How can society ensure that financial markets channel funds into sustainable investments and assets that tackle climate change? Islamic finance has some answers.
Traditional market finance is supposed to be the best way of pricing risk. But there can be many costs – so-called externalities – that are not captured by market prices.
If a firm produces poor quality baby food, for example, that can be a heavy burden for others. The firm, however, may not pay for any of those costs unless regulators and legislators step in.
The costs of climate change are another example of what many would see as market failure. Private investors often have little interest in protecting public goods like clean air and water.
Thomas Helbling of the IMF has said that “environmental issues often face a collective action problem”. But is there any way for private markets to try to tackle that?
Islamic finance is ethical and sustainable
“Ethical finance is fundamental to what Islamic finance represents.” That’s the view of Dr Scott Levy, CEO of Bedford Row, who was speaking at the IFN UK Islamic Forum in early December 2020.
Levy argued that in not learning from Islamic finance, markets had missed an opportunity. “Islamic finance is almost what sustainable investment and ESG investing is catching up with.”
However, there is still limited demand for Islamic assets.
What’s the future for Islamic finance?
Could the absence of commonly agreed and recognised standards be holding Islamic finance back?
Whether or not an asset is Shari’ah compliant can, in some regions, depend on an Islamic scholar’s interpretation.

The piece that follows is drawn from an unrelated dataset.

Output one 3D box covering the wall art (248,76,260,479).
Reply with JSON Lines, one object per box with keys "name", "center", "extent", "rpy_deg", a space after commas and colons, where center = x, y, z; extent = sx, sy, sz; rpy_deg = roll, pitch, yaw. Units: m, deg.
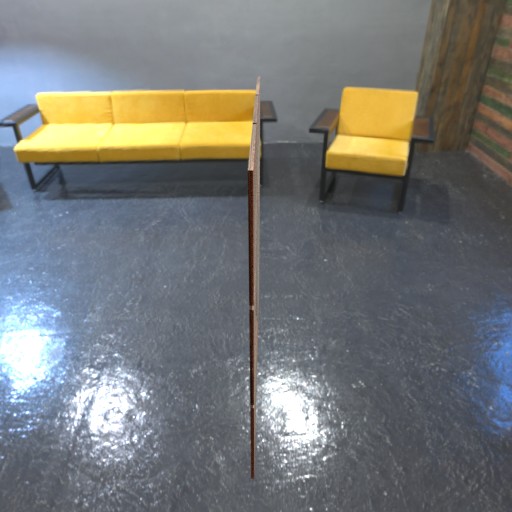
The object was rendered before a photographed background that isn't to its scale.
{"name": "wall art", "center": [0.000, 0.000, 1.860], "extent": [0.013, 1.213, 1.215], "rpy_deg": [1, 32, 1]}
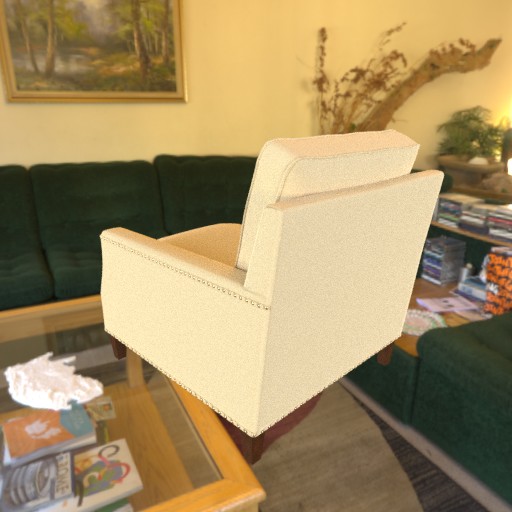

That increases the risk of unexpected defaults.
Razvan Dumitrescu, of the European Bank for Reconstruction and Development (EBRD), said the issue was lack of simplicity.
“If you think that your peer issued a Eurobond, it may be easier to go with something fast. You know the investor pool is there and sometimes it is also about overall pricing. When there is a bit of a distressed situation, clients start looking more at short-term.”
Dumitrescu added that people are starting to converge on best practices and to build case studies.
Scott Levy argued that the best way forward for Islamic finance was to focus on the outcomes and impacts.
“Institutional investors can measure and value risk,” he said.
“We need to lower some of the barriers created by overcomplication. Put the risks and rewards in front of them, and let them make the appropriate decisions.”